Книга, ныне забытая, написанная Реми де Гурмоном[17] — автором, который теперь тоже забыт, называется «Разговор дилетантов о приметах времени». В ней на сцену выводятся двое собеседников (г-н Демезон и г-н Деларю — один выступает в роли болтуна, другой — пламенного и неутомимого повторителя расхожих истин), которые только и делают, что забавно, по-дилетантски и совершенно не тривиально обсуждают все, что творится вокруг.
Попытаюсь подыграть своей неуемной болтливости в том же духе.
Д е м е з о н. Забившись в нору, как дикие звери, как большинство художников, писателей и дилетантов, мы подглядываем в щелку за спектаклем жизни и выискиваем у актеров несовершенств. Но если бы все жили в норах, никакой комедии бы не случилось, и было бы очень скучно. Мы чересчур привередничаем.
Д е л а р ю. Возможно, но не в наших интересах проявлять снисхождение, не нам же делить выручку.
Д е м е з о н. Как раз этого нам и недостает. Нам следовало бы высказаться определенно. Кто знает? Глядишь, и наше бы сердце дрогнуло при виде того, сколько наших подалось в разбойники!
Один из читателей недавно прислал мне следующую цитату, что так прекрасно вписывается в тему, к которой я постоянно обращаюсь, а именно: взаимосвязь — и довольно тесная, на мой взгляд, — между стилем литературным и стилем спортивным, что я непременно поместил бы ее на видном месте своей книги «Точность двигательной и духовной механики», если бы мне посчастливилось наткнуться на нее раньше.
Есть у меня мыслишка насчет того, что значит быть живым. Это единственное, что меня всерьез занимает. Это и теннис. Однажды я надеюсь написать большую философскую книгу о теннисе. Что-нибудь наподобие «Смерти после полудня».

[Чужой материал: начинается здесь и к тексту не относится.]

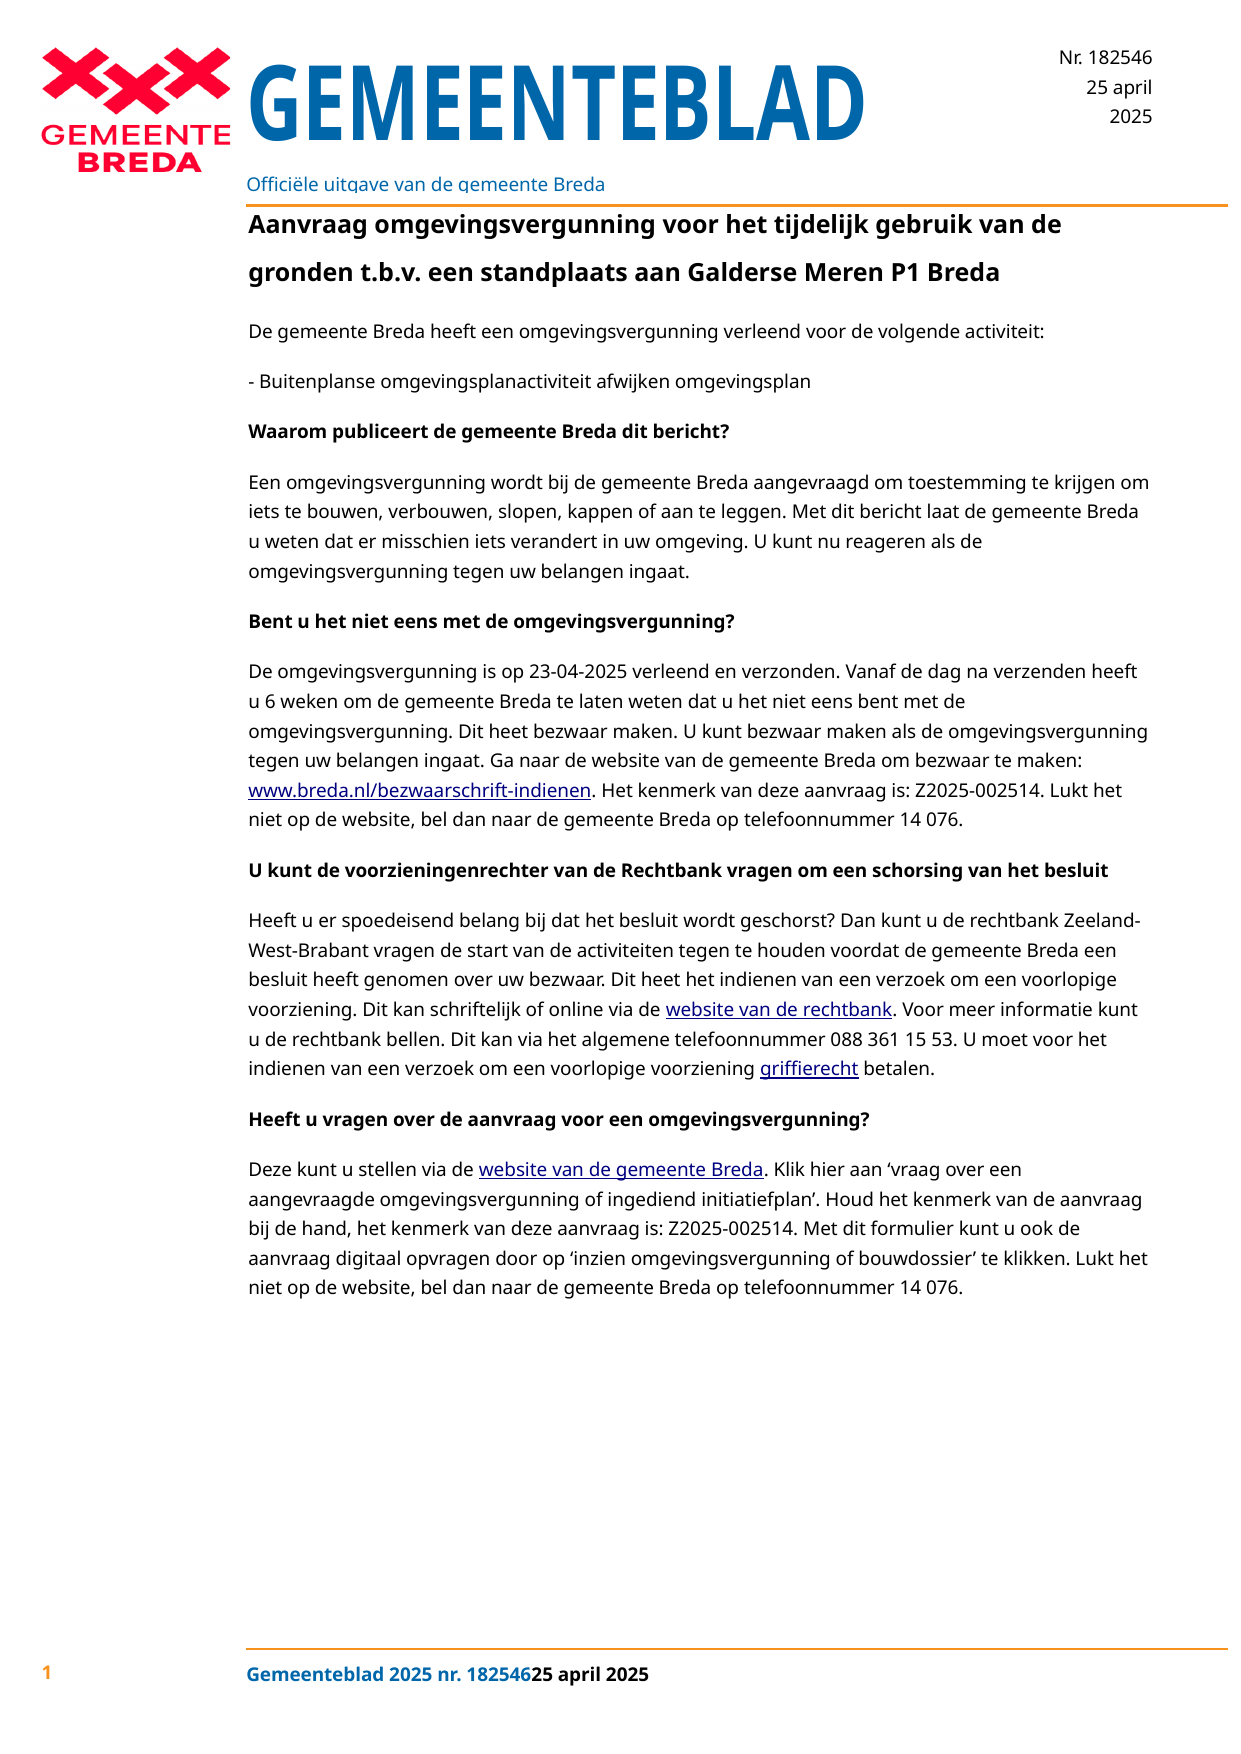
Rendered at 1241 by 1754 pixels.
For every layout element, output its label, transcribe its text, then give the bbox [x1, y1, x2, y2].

Но я понимаю, что такой труд мне пока еще не под силу. Я думаю, что, если в теннис будут играть все народы земли, это очень поможет уничтожить различия, предрассудки, расовую ненависть и т. д. Вот отработаю, как следует, удар справа и свечку и начну делать наброски этого большого произведения.
(Людям утонченным может показаться, что я пытаюсь смеяться над Хемингуэем. Вовсе нет. «Смерть после полудня» — прекрасная, добротная проза.
О философском ее содержании я никогда не скажу худого. По-моему, философия там гораздо мудрее, чем у многих маститых профессоров. Даже когда Хемингуэй дурак, он, по крайней мере, очень дотошный дурак. Он огромен. Для литературы это в некотором роде прогресс — рассуждать в свое удовольствие о природе и значении вещей, чей век очень краток.)
«Рассуждать в свое удовольствие о природе и значении вещей, чей век очень краток» — вот что во все времена, даже раньше, чем я сам это осознал, являлось моим литературным замыслом, а еще для меня это так или иначе всегда было связано с почти навязчивой идеей о том, как бы поточней ударить по мячу во время игры с ракеткой. И еще я думаю, что довольно часто кажусь дураком или неуклюжим увальнем, который упрямо гоняется за точностью (чей век очень краток) траектории удара слева или слова, отмеченного здравым смыслом. Ясность и точность почти мистического порядка всегда казались мне истинной целью любых упражнений без всякой связи с победой или проигрышем.
В действительности всегда может случиться так, что как бы точно вы ни ударили по мячу и какую бы хитроумную тактику не применили, партия не удается, потому что соперник сильнее вас. Или у вас получилось найти очень верное описание, а читатель на мгновение отвлекся, и ваши слова были встречены равнодушно. Стоит ли переживать! Ведь в том, что касается лично вас, вы преуспели, потому что добились исполнения своих желаний: попасть мячом в самый край площадки или найти слова, яснее других выражающие ваши сокровенные чувства.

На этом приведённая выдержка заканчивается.